Listen, different as we might seem on the surface, Benny and I do have a few things in common, as do the members of every family, whether we want to admit it or not.  We’re both Jewish, we both graduated high school at 16, and at 33 we both have/had dark hair and an overly aggressive, opinionated attitude that can cut people to the quick using words.  They’re not as powerful as a gun but when there is no other weapon around that is legal and you know how to use them – trust me, they’ll do.  Quite well, in fact.
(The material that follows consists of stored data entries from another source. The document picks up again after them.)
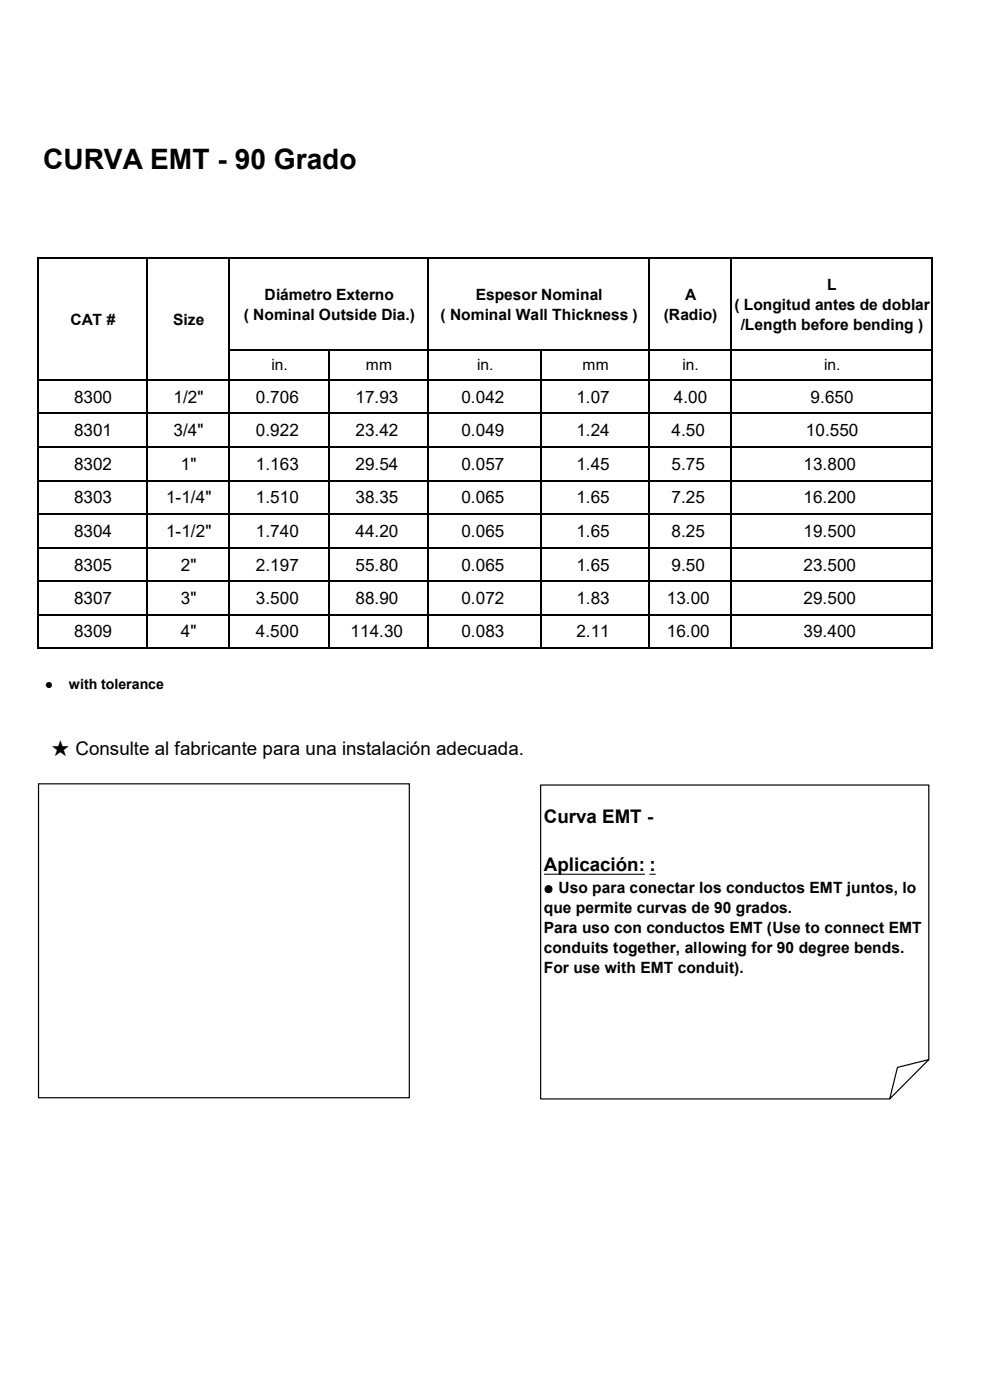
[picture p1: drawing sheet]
<svg xmlns="http://www.w3.org/2000/svg" width="210mm" height="297mm" viewBox="0 0 210 297" stroke-linecap="round" stroke-linejoin="round" font-family="sans-serif">
<defs><g id="words">
<text font-size="6" x="9.2" y="35.8">CURVA EMT - 90 Grado</text>
<g font-size="4">
<text x="10.9" y="160.2">★ Consulte al fabricante para una instalación adecuada.</text>
<text x="115.4" y="174.5">Curva EMT -</text>
<text x="115.4" y="184.8">Aplicación: :</text>
</g>
<g font-size="3.6">
<text x="15.7" y="85.5">8300</text>
<text x="36.8" y="85.5">1/2&quot;</text>
<text x="54.3" y="85.5">0.706</text>
<text x="75.4" y="85.5">17.93</text>
<text x="97.9" y="85.5">0.042</text>
<text x="122.3" y="85.5">1.07</text>
<text x="143" y="85.5">4.00</text>
<text x="172" y="85.5">9.650</text>
<text x="15.7" y="92.6">8301</text>
<text x="36.8" y="92.6">3/4&quot;</text>
<text x="54.3" y="92.6">0.922</text>
<text x="75.4" y="92.6">23.42</text>
<text x="97.9" y="92.6">0.049</text>
<text x="122.3" y="92.6">1.24</text>
<text x="142.5" y="92.6">4.50</text>
<text x="170.9" y="92.6">10.550</text>
<text x="15.7" y="99.7">8302</text>
<text x="38.4" y="99.7">1&quot;</text>
<text x="54.3" y="99.7">1.163</text>
<text x="75.4" y="99.7">29.54</text>
<text x="97.9" y="99.7">0.057</text>
<text x="122.3" y="99.7">1.45</text>
<text x="142.5" y="99.7">5.75</text>
<text x="170.4" y="99.7">13.800</text>
<text x="15.7" y="106.8">8303</text>
<text x="35.2" y="106.8">1-1/4&quot;</text>
<text x="54.3" y="106.8">1.510</text>
<text x="75.4" y="106.8">38.35</text>
<text x="97.9" y="106.8">0.065</text>
<text x="122.3" y="106.8">1.65</text>
<text x="142.5" y="106.8">7.25</text>
<text x="170.4" y="106.8">16.200</text>
<text x="15.7" y="113.9">8304</text>
<text x="35.2" y="113.9">1-1/2&quot;</text>
<text x="54.3" y="113.9">1.740</text>
<text x="75.4" y="113.9">44.20</text>
<text x="97.9" y="113.9">0.065</text>
<text x="122.3" y="113.9">1.65</text>
<text x="142.5" y="113.9">8.25</text>
<text x="170.4" y="113.9">19.500</text>
<text x="15.7" y="121">8305</text>
<text x="38.4" y="121">2&quot;</text>
<text x="54.3" y="121">2.197</text>
<text x="75.4" y="121">55.80</text>
<text x="97.9" y="121">0.065</text>
<text x="122.3" y="121">1.65</text>
<text x="142.5" y="121">9.50</text>
<text x="170.4" y="121">23.500</text>
<text x="15.7" y="128.1">8307</text>
<text x="38.4" y="128.1">3&quot;</text>
<text x="54.3" y="128.1">3.500</text>
<text x="75.4" y="128.1">88.90</text>
<text x="97.9" y="128.1">0.072</text>
<text x="122.3" y="128.1">1.83</text>
<text x="141.4" y="128.1">13.00</text>
<text x="170.4" y="128.1">29.500</text>
<text x="15.7" y="135.2">8309</text>
<text x="38.4" y="135.2">4&quot;</text>
<text x="54.3" y="135.2">4.500</text>
<text x="74.4" y="135.2">114.30</text>
<text x="97.9" y="135.2">0.083</text>
<text x="122.3" y="135.2">2.11</text>
<text x="141.4" y="135.2">16.00</text>
<text x="170.4" y="135.2">39.400</text>
</g>
<g font-size="3.3">
<text x="56.1" y="63.6">Diámetro Externo</text>
<text x="100.9" y="63.6">Espesor Nominal</text>
<text x="145.4" y="63.6">A</text>
<text x="155.8" y="65.7">( Longitud antes de doblar</text>
<text x="175.5" y="61.5">L</text>
<text x="15" y="68.9">CAT #</text>
<text x="36.7" y="68.9">Size</text>
<text x="51.7" y="67.9">( Nominal Outside Dia.)</text>
<text x="93.4" y="67.9">( Nominal Wall Thickness )</text>
<text x="140.8" y="67.9">(Radio)</text>
<text x="157.1" y="70">/Length before bending )</text>
<text x="57.6" y="78.6">in.</text>
<text x="77.6" y="78.6">mm</text>
<text x="101.2" y="78.6">in.</text>
<text x="123.5" y="78.6">mm</text>
<text x="144.8" y="78.6">in.</text>
<text x="174.8" y="78.6">in.</text>
<text x="118.4" y="189.4">Uso para conectar los conductos EMT juntos, lo</text>
<text x="115.4" y="193.6">que permite curvas de 90 grados.</text>
<text x="115.4" y="198">Para uso con conductos EMT (Use to connect EMT</text>
<text x="115.4" y="202.2">conduits together, allowing for 90 degree bends.</text>
<text x="115.4" y="206.5">For use with EMT conduit).</text>
</g>
<g font-size="3">
<text x="9.5" y="146.2">●</text>
<text x="14.6" y="146.2">with tolerance</text>
</g>
<text font-size="2" x="115.4" y="189.4">●</text>
</g></defs>
<g fill="none" stroke="#000" stroke-width=".34">
<path d="M7.8 54.8h190M8 54.7v83M31.2 54.7v83M48.6 54.7v83M90.8 54.7v83M137.6 54.7v83M155.1 54.7v83M197.6 54.7v83M48.4 74.3h149.4M69.7 74.1v63.6M114.7 74.1v63.6M7.8 80.6h190"/>
<path d="M7.8 87.7h190M7.8 94.8h190M7.8 101.9h190M7.8 109.1h190M7.8 116.2h190M7.8 123.3h190M7.8 130.4h190M7.8 137.5h190"/>
</g>
<path d="M8.1 166.2h78.7v66.6h-78.7z" fill-rule="evenodd" fill="#fff"/>
<path d="M8.2 166.3h78.6v66.6h-78.6z" fill="none" stroke="#000" stroke-width=".25"/>
<path d="M114.6 166.5h82.4v58.3l-8.3 8.3h-74.1z" fill-rule="evenodd" fill="#fff"/>
<path d="M197 224.8v-58.3h-82.3v66.6h74l8.3-8.3-6.6 1.6-1.7 6.7" fill="none" stroke="#000" stroke-width=".25"/>
<path d="M115.4 185.5h21.4M137.8 185.5h1.3" fill="none" stroke="#000" stroke-width=".21"/>
<g fill="#fff">
<path d="M13 200.2l19-4.2 .7 3.1-19 4z" fill-rule="evenodd"/>
<path d="M17.1 199.6h5.8v4.1h-5.8z" fill-rule="evenodd"/>
</g>
<use href="#words"/>
</svg>
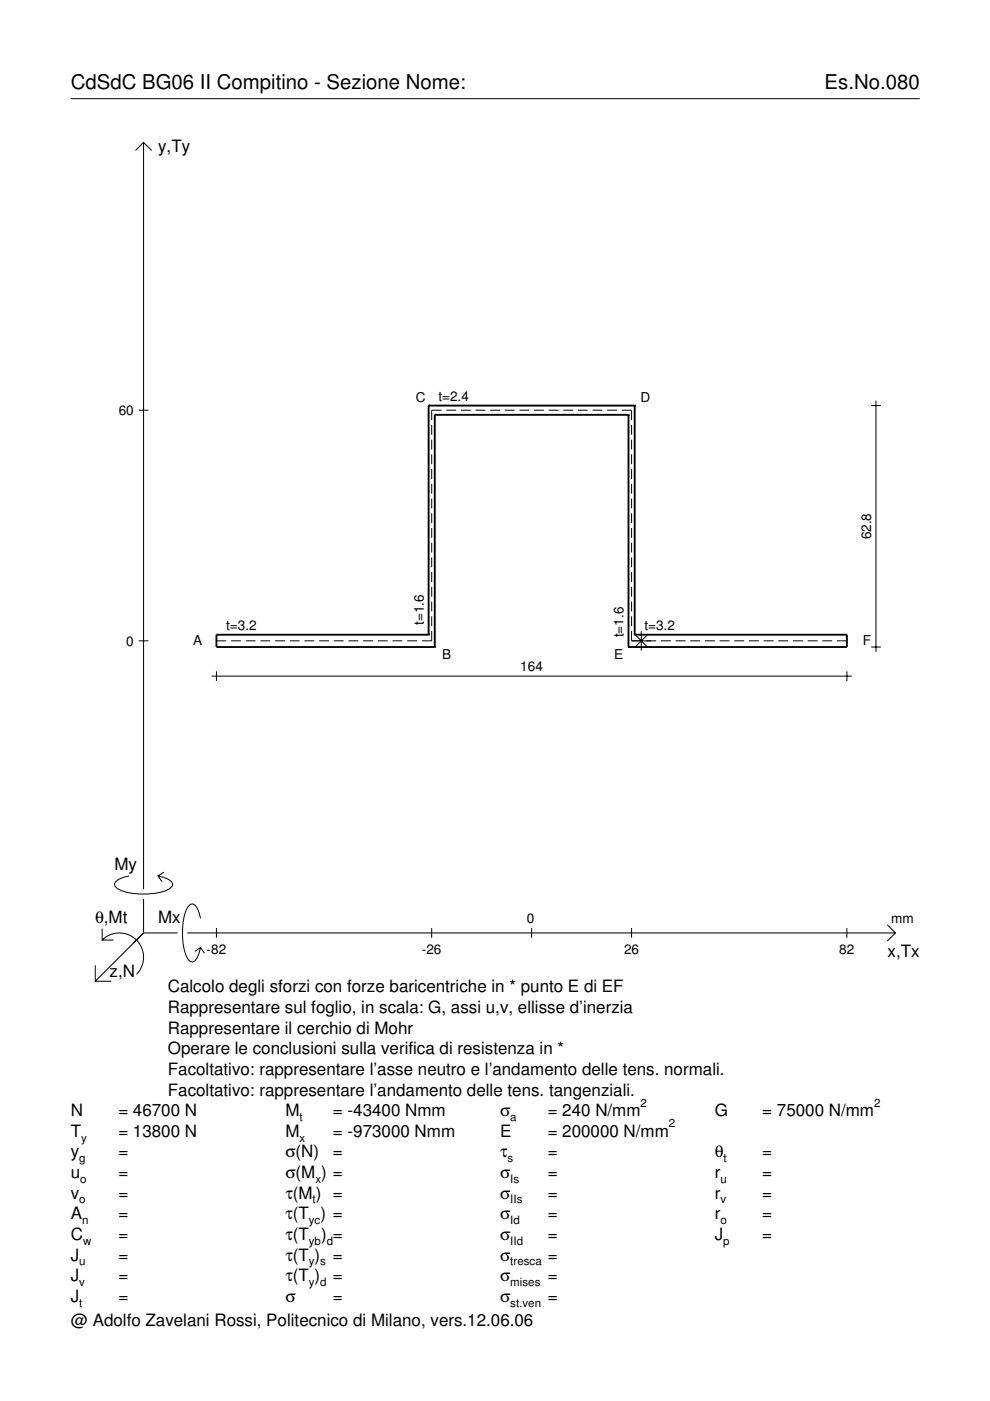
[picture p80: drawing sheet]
<svg xmlns="http://www.w3.org/2000/svg" width="210mm" height="297mm" viewBox="0 0 210 297" stroke-linecap="round" stroke-linejoin="round" font-family="sans-serif">
<defs><g id="words">
<g font-size="4.3">
<text x="15" y="18.9">CdSdC BG06 II Compitino - Sezione Nome:</text>
<text x="174.8" y="18.9">Es.No.080</text>
</g>
<g font-size="3.6">
<text x="33.5" y="32.3">y,Ty</text>
<text x="24.3" y="184.4">My</text>
<text x="20.1" y="195.7">θ,Mt</text>
<text x="33.5" y="195.7">Mx</text>
<text x="188.2" y="203">x,Tx</text>
<text x="23.2" y="207.1">z,N</text>
<text x="35.6" y="210.4">Calcolo degli sforzi con forze baricentriche in * punto E di EF</text>
<text x="35.6" y="214.8">Rappresentare sul foglio, in scala: G, assi u,v, ellisse d’inerzia</text>
<text x="35.6" y="219.2">Rappresentare il cerchio di Mohr</text>
<text x="35.6" y="223.5">Operare le conclusioni sulla verifica di resistenza in *</text>
<text x="35.6" y="227.9">Facoltativo: rappresentare l’asse neutro e l’andamento delle tens. normali.</text>
<text x="35.6" y="232.3">Facoltativo: rappresentare l’andamento delle tens. tangenziali.</text>
<text x="15" y="236.7">N</text>
<text x="25.1" y="236.7">= 46700 N</text>
<text x="60.5" y="236.7">M</text>
<text x="70.6" y="236.7">= -43400 Nmm</text>
<text x="106" y="236.7">σ</text>
<text x="116.1" y="236.7">= 240 N/mm</text>
<text x="151.5" y="236.7">G</text>
<text x="161.6" y="236.7">= 75000 N/mm</text>
<text x="15" y="241">T</text>
<text x="15" y="245.4">y</text>
<text x="25.1" y="241">= 13800 N</text>
<text x="25.1" y="245.4">=</text>
<text x="60.5" y="241">M</text>
<text x="60.5" y="245.4">σ(N)</text>
<text x="70.6" y="241">= -973000 Nmm</text>
<text x="70.6" y="245.4">=</text>
<text x="106" y="241">E</text>
<text x="106" y="245.4">τ</text>
<text x="116.1" y="241">= 200000 N/mm</text>
<text x="116.1" y="245.4">=</text>
<text x="151.5" y="245.4">θ</text>
<text x="161.6" y="245.4">=</text>
<text x="15" y="249.8">u</text>
<text x="25.1" y="249.8">=</text>
<text x="60.5" y="249.8">σ(M ) =</text>
<text x="106" y="249.8">σ</text>
<text x="116.1" y="249.8">=</text>
<text x="151.5" y="249.8">r</text>
<text x="161.6" y="249.8">=</text>
<text x="15" y="254.2">v</text>
<text x="25.1" y="254.2">=</text>
<text x="60.5" y="254.2">τ(M ) =</text>
<text x="106" y="254.2">σ</text>
<text x="116.1" y="254.2">=</text>
<text x="151.5" y="254.2">r</text>
<text x="161.6" y="254.2">=</text>
<text x="15" y="258.5">A</text>
<text x="15" y="262.9">C</text>
<text x="25.1" y="258.5">=</text>
<text x="25.1" y="262.9">=</text>
<text x="60.5" y="262.9">τ(T</text>
<text x="60.5" y="258.5">τ(T ) =</text>
<text x="68.1" y="262.9">) =</text>
<text x="106" y="258.5">σ</text>
<text x="106" y="262.9">σ</text>
<text x="116.1" y="258.5">=</text>
<text x="116.1" y="262.9">=</text>
<text x="151.5" y="258.5">r</text>
<text x="151.5" y="262.9">J</text>
<text x="161.6" y="258.5">=</text>
<text x="161.6" y="262.9">=</text>
<text x="15" y="267.3">J</text>
<text x="25.1" y="267.3">=</text>
<text x="60.5" y="267.3">τ(T )</text>
<text x="70.6" y="267.3">=</text>
<text x="106" y="267.3">σ</text>
<text x="116.1" y="267.3">=</text>
<text x="15" y="271.7">J</text>
<text x="25.1" y="271.7">=</text>
<text x="60.5" y="271.7">τ(T )</text>
<text x="70.6" y="271.7">=</text>
<text x="106" y="271.7">σ</text>
<text x="116.1" y="271.7">=</text>
<text x="15" y="281.2">@ Adolfo Zavelani Rossi, Politecnico di Milano, vers.12.06.06</text>
<text x="15" y="276">J</text>
<text x="25.1" y="276">=</text>
<text x="60.5" y="276">σ</text>
<text x="70.6" y="276">=</text>
<text x="106" y="276">σ</text>
<text x="116.1" y="276">=</text>
</g>
<g font-size="2.9">
<text x="25.2" y="88">60</text>
<text x="88.2" y="85.3">C</text>
<text x="92.9" y="85">t=2.4</text>
<text x="135.8" y="85.3">D</text>
<text x="184.7" y="114.4" transform="rotate(-90 184.7 114.4)">62.8</text>
<text x="26.8" y="136.9">0</text>
<text x="41" y="136.8">A</text>
<text x="47.9" y="133.5">t=3.2</text>
<text x="89.8" y="132.5" transform="rotate(-90 89.8 132.5)">t=1.6</text>
<text x="132.2" y="135.1" transform="rotate(-90 132.2 135.1)">t=1.6</text>
<text x="136.6" y="133.5">t=3.2</text>
<text x="183" y="136.8">F</text>
<text x="93.7" y="139.7">B</text>
<text x="110.3" y="142.3">164</text>
<text x="130.2" y="139.7">E</text>
<text x="111.7" y="195.7">0</text>
<text x="189" y="195.7">mm</text>
<text x="43.8" y="202.2">-82</text>
<text x="89.4" y="202.2">-26</text>
<text x="132.3" y="202.2">26</text>
<text x="178" y="202.2">82</text>
</g>
<g font-size="2.4">
<text x="63.5" y="237.7">t</text>
<text x="108.2" y="237.7">a</text>
<text x="135.8" y="234.7">2</text>
<text x="141.8" y="239">2</text>
<text x="185.3" y="234.7">2</text>
<text x="17.2" y="242">y</text>
<text x="63.5" y="242">x</text>
<text x="16.8" y="246.4">g</text>
<text x="17" y="250.8">o</text>
<text x="66.9" y="250.8">x</text>
<text x="107.6" y="246.4">s</text>
<text x="108.2" y="250.8">Is</text>
<text x="152.7" y="250.8">u</text>
<text x="153.4" y="246.4">t</text>
<text x="16.8" y="255.2">o</text>
<text x="66.3" y="255.2">t</text>
<text x="108.2" y="255.2">IIs</text>
<text x="152.7" y="255.2">v</text>
<text x="17.4" y="259.5">n</text>
<text x="17.6" y="263.9">w</text>
<text x="65.5" y="259.5">yc</text>
<text x="65.5" y="263.9">yb d</text>
<text x="108.2" y="259.5">Id</text>
<text x="108.2" y="263.9">IId</text>
<text x="152.7" y="259.5">o</text>
<text x="153.3" y="263.9">p</text>
<text x="16.8" y="268.3">u</text>
<text x="65.5" y="268.3">y s</text>
<text x="108.2" y="268.3">tresca</text>
<text x="16.8" y="272.7">v</text>
<text x="65.5" y="272.7">y d</text>
<text x="108.2" y="272.7">mises</text>
<text x="16.8" y="277">t</text>
<text x="108.2" y="277">st.ven</text>
</g>
</g></defs>
<g fill="none" stroke="#000" stroke-width=".21">
<path d="M15 20.9h180M28.7 31.9l1.7-1.7 1.8 1.7M30.4 30.2v158.3M29.4 87h2.1M91.5 90.1v2.1M91.5 93.2v2.1M91.5 96.3v2.1M91.5 99.5v2M93.6 87h-2.1v2.1M94.6 87h2.1M97.7 87h2.1M100.8 87h2.1"/>
<path d="M103.9 87h2.1M107 87h2.1M110.1 87h2.1M113.2 87h2.1M116.3 87h2.1M119.4 87h2.1M122.5 87h2.1M125.6 87h2.1M128.7 87h2.1M131.8 87h2.1v2.1M133.9 90.1v2.1M133.9 93.2v2.1"/>
<path d="M133.9 96.3v2.1M133.9 99.5v2M184.7 86h2.1M185.7 85v53.2M91.5 102.6v2.1M91.5 105.7v2.1M91.5 108.8v2.1M91.5 111.9v2.1M91.5 115.1v2.1M91.5 118.2v2.1M133.9 102.6v2.1M133.9 105.7v2.1"/>
<path d="M133.9 108.8v2.1M133.9 111.9v2.1M133.9 115.1v2.1M133.9 118.2v2.1M29.4 135.9h2.1M45.9 135.9h2.1M49 135.9h2.1M52.1 135.9h2.1M55.2 135.9h2.1M58.3 135.9h2.1M61.4 135.9h2.1M64.6 135.9h2"/>
<path d="M67.7 135.9h2M70.8 135.9h2.1M73.9 135.9h2.1M77 135.9h2.1M80.1 135.9h2.1M83.2 135.9h2.1M86.3 135.9h2.1M91.5 133.8v2.1h-2.1M91.5 121.3v2.1M91.5 124.4v2.1M91.5 127.5v2.1M91.5 130.7v2.1"/>
<path d="M133.9 133.8v2.1h5.2M133.9 121.3v2.1M133.9 124.4v2.1M133.9 127.5v2.1M133.9 130.7v2.1M134.5 134.4l2.9 2.9M136 133.8v4.1M137.4 134.4l-2.9 2.9M140.1 135.9h2.1M143.2 135.9h2.1M146.4 135.9h2M149.5 135.9h2"/>
<path d="M152.6 135.9h2.1M155.7 135.9h2.1M158.8 135.9h2.1M161.9 135.9h2.1M165 135.9h2.1M168.1 135.9h2.1M171.2 135.9h2.1M174.4 135.9h2M177.5 135.9h2.1M184.7 137.2h2.1M44.9 143.4h135.7M45.9 142.3v2.1"/>
<path d="M179.6 142.3v2.1M21.7 199.3a5.1 5.1 0 0 1 7.2 0 5.1 5.1 0 0 1 0 7.3M21.7 196.9v2.4h2.4M27.3 185.7a3.6 3.6 0 0 0-3 1.7l.1 .5a5.6 5.6 0 0 0 3.8 1.5 13.4 13.4 0 0 0 7.8-1l.5-.5 .1-.5a3.6 3.6 0 0 0-3.1-1.7l.8 1.2M30.4 190.6v7.2M30.4 197.8l-10.2 10.2M30.4 197.8h7.2M34.7 184.9l-1.2 .8M39.7 197.8h150.1M42.5 194.7a3.6 3.6 0 0 0-1.7-3.1l-.5 .2a5.7 5.7 0 0 0-1.5 3.7 13.3 13.3 0 0 0 1 7.9l.5 .5 .5 .1a3.6 3.6 0 0 0 1.7-3.1l-1.2 .8M45.9 196.8v2M91.5 196.8v2"/>
<path d="M112.7 196.8v2M133.9 196.8v2M179.6 196.8v2M188.1 196.1l1.7 1.7-1.7 1.7M20.2 204.7v3.3h3.4M42.5 200.9l.8 1.2"/>
</g>
<g fill="none" stroke="#000" stroke-width=".4">
<path d="M90.9 86h.1M90.9 86v48.6M90.9 86h43.7M92.2 88h.1M92.2 88v49.2M92.2 88h41.1M133.3 88h.1M133.3 88v49.2M134.6 86h.1M134.6 86v48.6M90.9 134.6h.1M90.9 134.6h-45v2.6h46.3"/>
<path d="M92.2 137.2h.1M133.3 137.2h.1M134.6 134.6h.1M134.6 134.6h45v2.6h-46.3"/>
</g>
<use href="#words"/>
</svg>

Until Ben/Benny and the rest of us grow up, really listen and give each other some breathing room, nothing will change.  It’ll all continue with us acting out a kind of violence against each other.  Some small, some in-between and some large.  This will then perpetrate a cycle of small and large cumulative injuries that, when ignored and multiplied over years, and then decades, will continue to keep us in the vicious cycle of indignations, traumas, and violence we are all a part of today.  That is, until some of us, or many more of us, decide to break it.

At the start, small steps work best.